もしDFIや酸化ストレスが高いようでしたら、一度男性不妊外来を受診して精巣静脈瘤等がないかチェックされた方が良いと思います。精液所見に異常がなくても、精子の質を評価するDFIや酸化ストレスに異常がある場合も少なくありません。
また移植の前に着床不全・不育症の検査は実施できるものは全て検査された方が良いと思います。血栓ができやすい傾向にあるとのことですので、すでに自己抗体や凝固因子検査はされていると思いますが、他にも甲状腺ホルモンや慢性子宮内膜炎検査、子宮内細菌叢を調べるEMMA/ALICE、免疫検査(Th1/2比)などがありますので、実施されておられないようでしたら、一度調べてみることをお勧めします。もしこういった検査を網羅的に調べても異常がないようでしたら、バファリンだけでなくヘパリンを併用して移植する、あるいは自費にはなりますが、最近では原因不明不育症に対して免疫グロブリン大量療法も効果があると報告されています。

ふみかさんが自身で行っているサプリの摂取や生活習慣の改善について、これらが不妊治療にどの程度影響を及ぼす可能性があるのか、また、他に改善すべき点があれば教えてください。

ふみかさんは卵巣機能の改善に良い影響があるとされているサプリメントをしっかり摂取されています。

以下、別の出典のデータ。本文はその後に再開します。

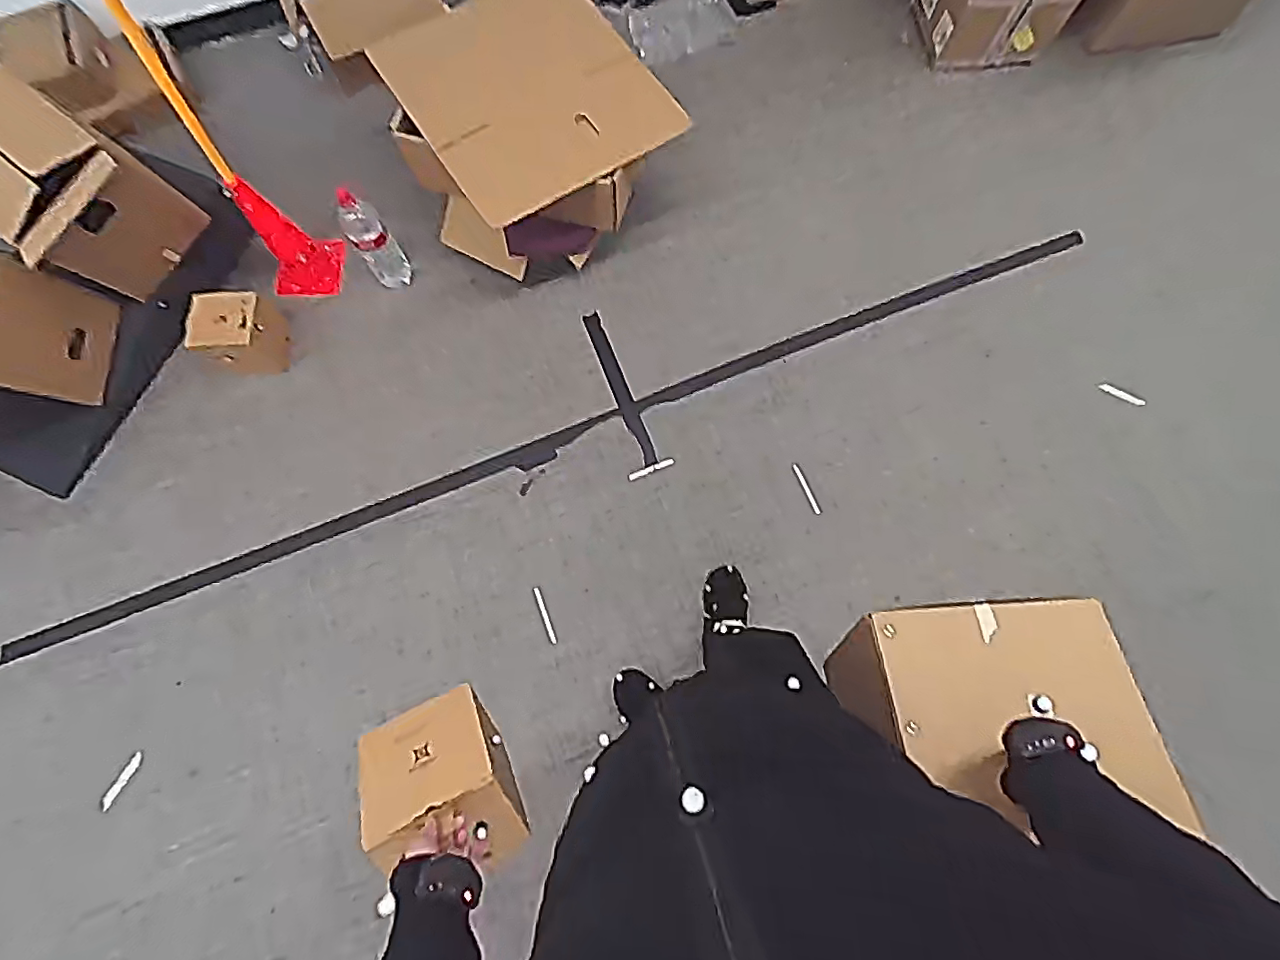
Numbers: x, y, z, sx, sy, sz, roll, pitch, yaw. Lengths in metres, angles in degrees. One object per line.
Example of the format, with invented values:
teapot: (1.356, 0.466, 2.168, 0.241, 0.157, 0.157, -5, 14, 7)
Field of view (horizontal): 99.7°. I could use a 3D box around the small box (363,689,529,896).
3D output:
small box: (-0.277, 0.450, 0.779, 0.168, 0.176, 0.179, -24, 32, -17)
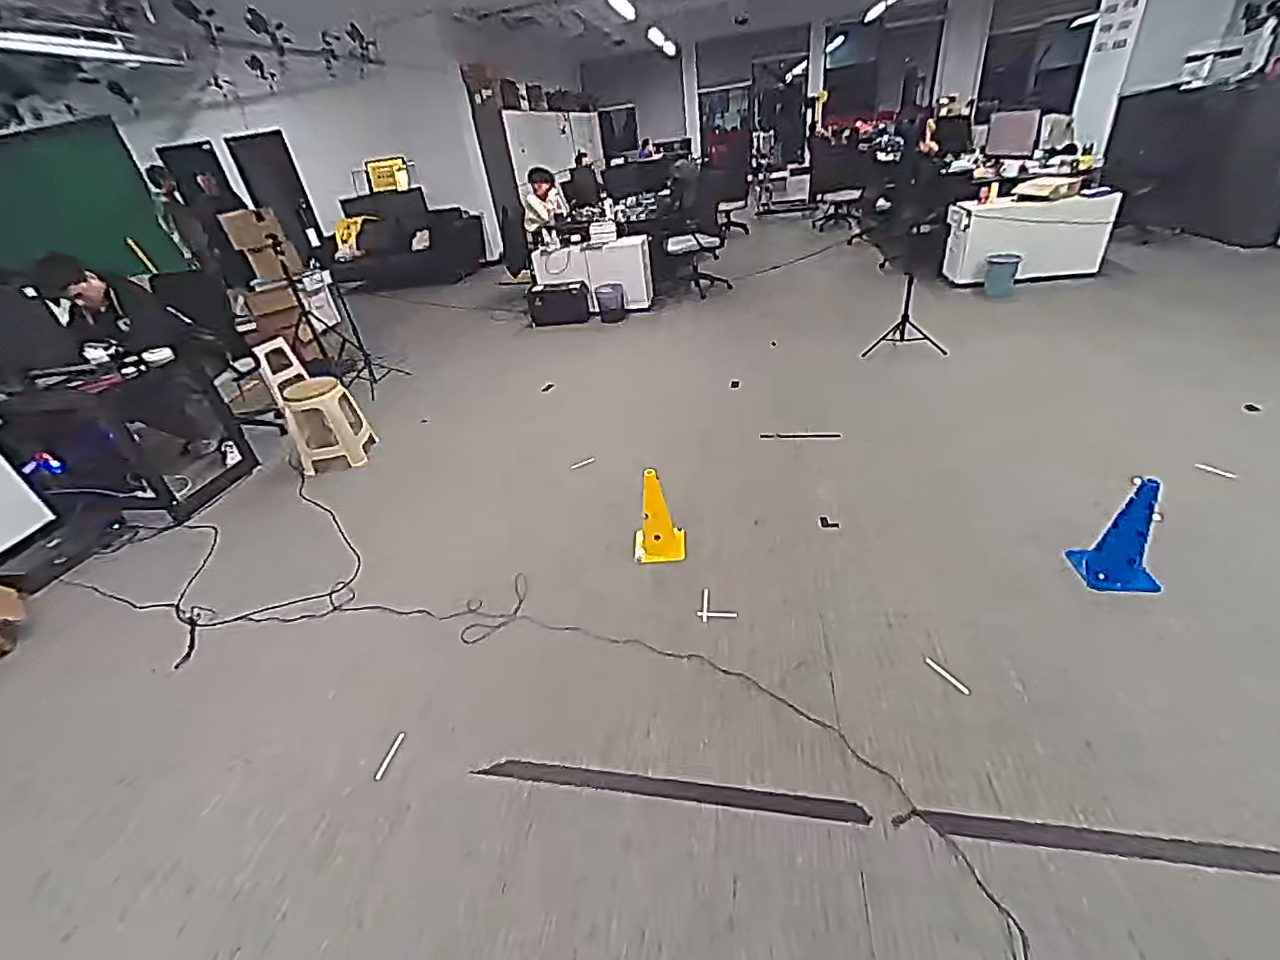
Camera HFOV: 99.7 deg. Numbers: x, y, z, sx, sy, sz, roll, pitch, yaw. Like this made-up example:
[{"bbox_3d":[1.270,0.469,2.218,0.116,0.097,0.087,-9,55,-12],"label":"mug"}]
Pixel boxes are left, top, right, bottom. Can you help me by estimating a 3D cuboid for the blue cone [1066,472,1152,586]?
[{"bbox_3d":[1.550,0.148,1.727,0.193,0.380,0.192,0,32,13],"label":"blue cone"}]

サプリメントも体質改善には非常に重要であると私は考えていますので、ぜひ続けていただきたいと思います。ただビタミンD、Eなど脂溶性ビタミンは過剰になることもありますので、採血で現在の血清濃度を測ってみても良いかもしれません。またDHEAなども卵子数や卵子の質の改善につながると言われており、また亜鉛が不足しておられる方も少なくありませんので、採血をして低いようでしたら亜鉛サプリメントも、今後摂取をご検討いただいても良いかもしれません。

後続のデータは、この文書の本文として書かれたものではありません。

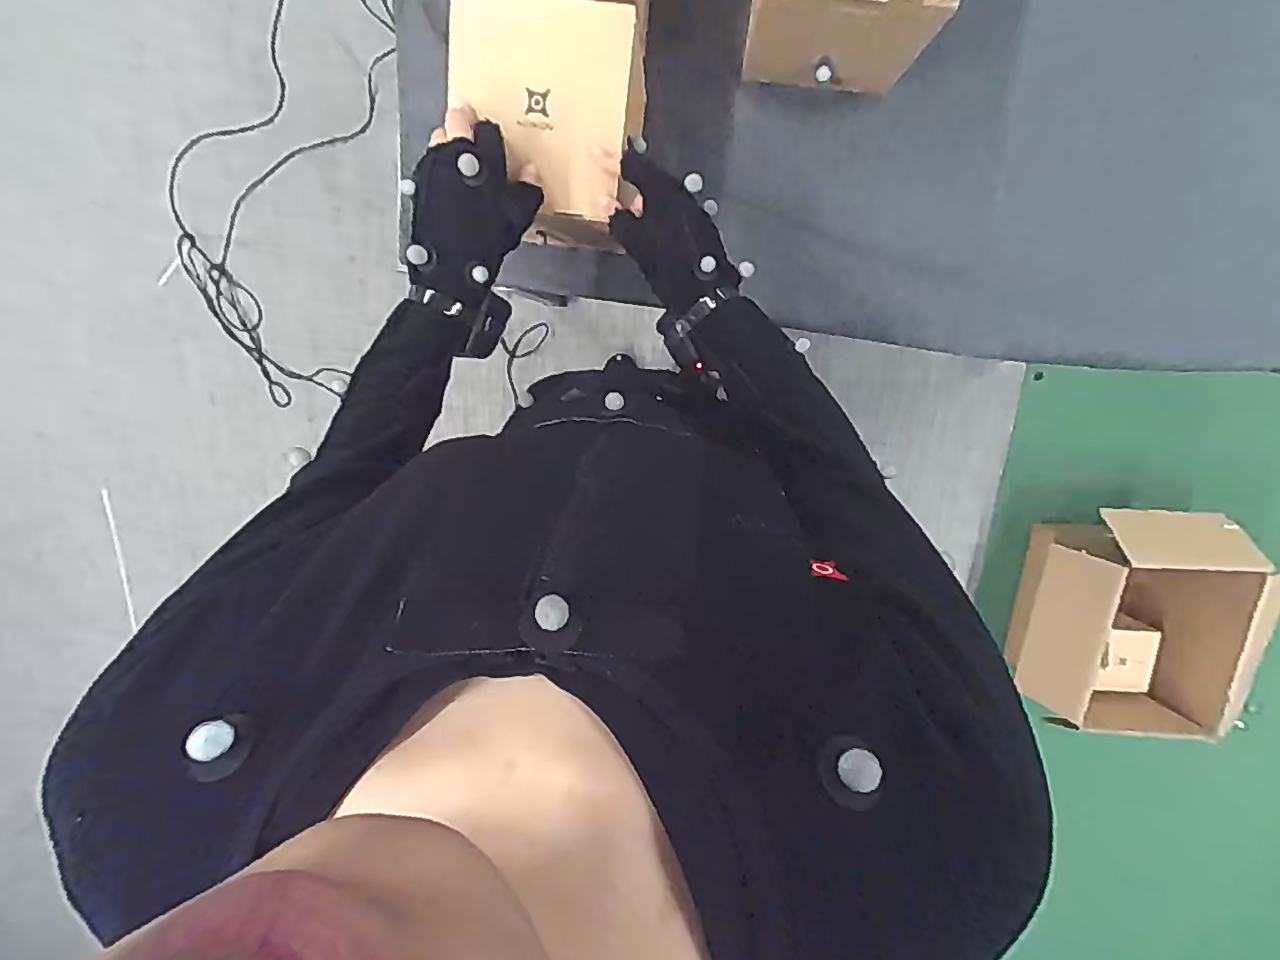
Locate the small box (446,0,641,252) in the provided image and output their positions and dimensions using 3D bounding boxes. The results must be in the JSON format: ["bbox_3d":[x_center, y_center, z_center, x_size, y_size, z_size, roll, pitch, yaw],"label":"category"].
[{"bbox_3d":[-0.089,-0.356,0.570,0.168,0.176,0.179,7,104,1],"label":"small box"}]

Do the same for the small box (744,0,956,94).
[{"bbox_3d":[0.201,-0.513,0.517,0.168,0.176,0.179,7,104,1],"label":"small box"}]
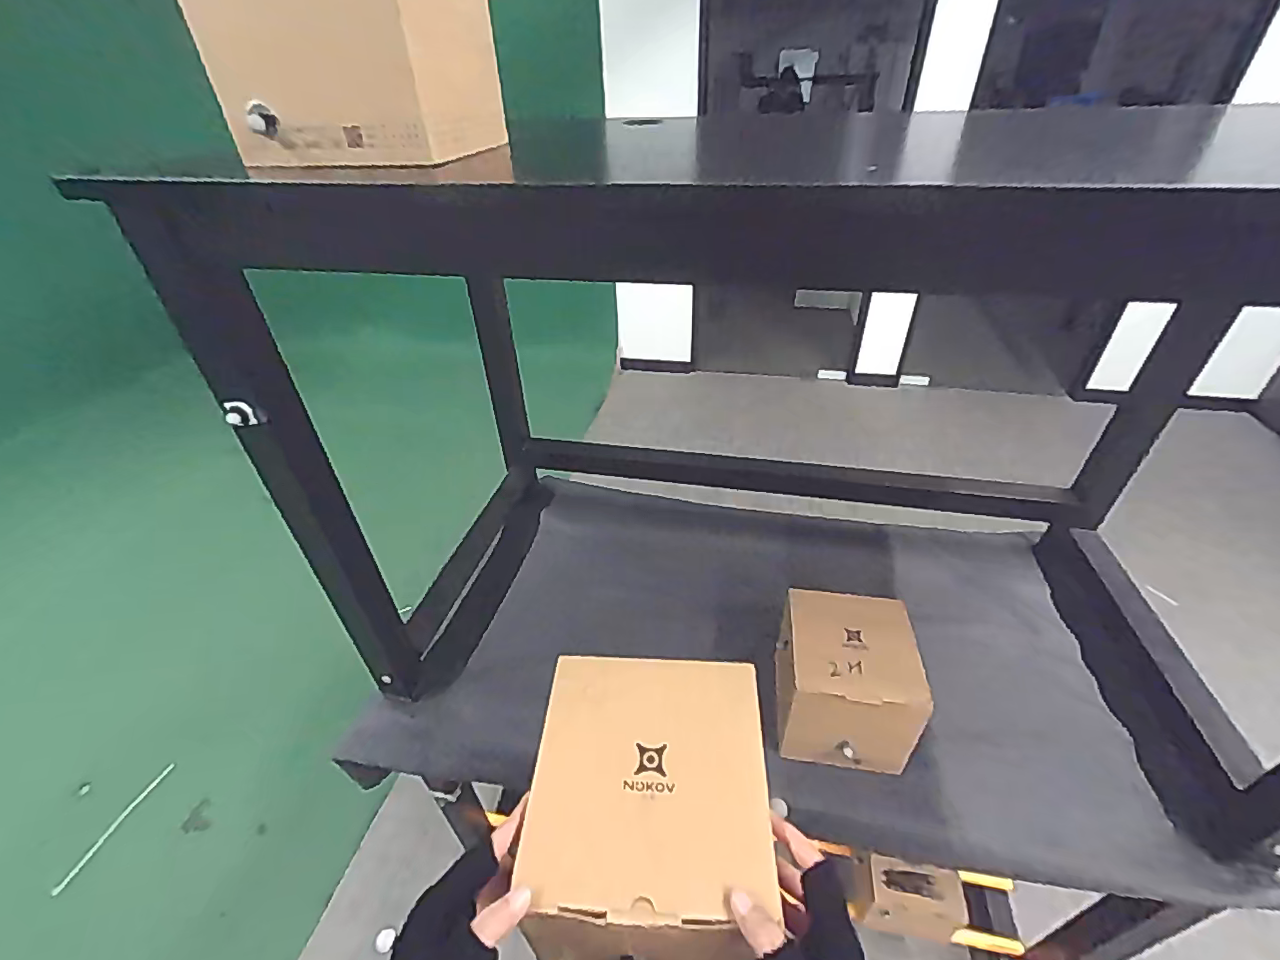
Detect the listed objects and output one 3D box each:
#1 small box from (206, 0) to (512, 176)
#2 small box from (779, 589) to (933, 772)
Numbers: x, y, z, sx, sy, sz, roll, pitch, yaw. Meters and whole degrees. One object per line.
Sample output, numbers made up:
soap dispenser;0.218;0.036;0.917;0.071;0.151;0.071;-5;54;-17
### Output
small box;-0.220;-0.361;0.458;0.168;0.176;0.179;4;36;7
small box;0.296;0.287;0.786;0.168;0.176;0.179;4;36;9

サプリメントや生活習慣の改善は必ずしも目に見えて効果が実感できるものではありません。ただ必ず良好胚の獲得にはつながりますので、ぜひ続けてください。流産とはいえ、着床できたことは非常に大きいことですので、上記の検査などを実施して、ぜひ治療を続けてください。もし現在おかかりのクリニックの治療に納得ができないようでしたら、後悔しないためにも他の医師・クリニックの意見を聞きに行かれても良いかもしれません。相談するなかで問題点が明らかになることも少なくありません。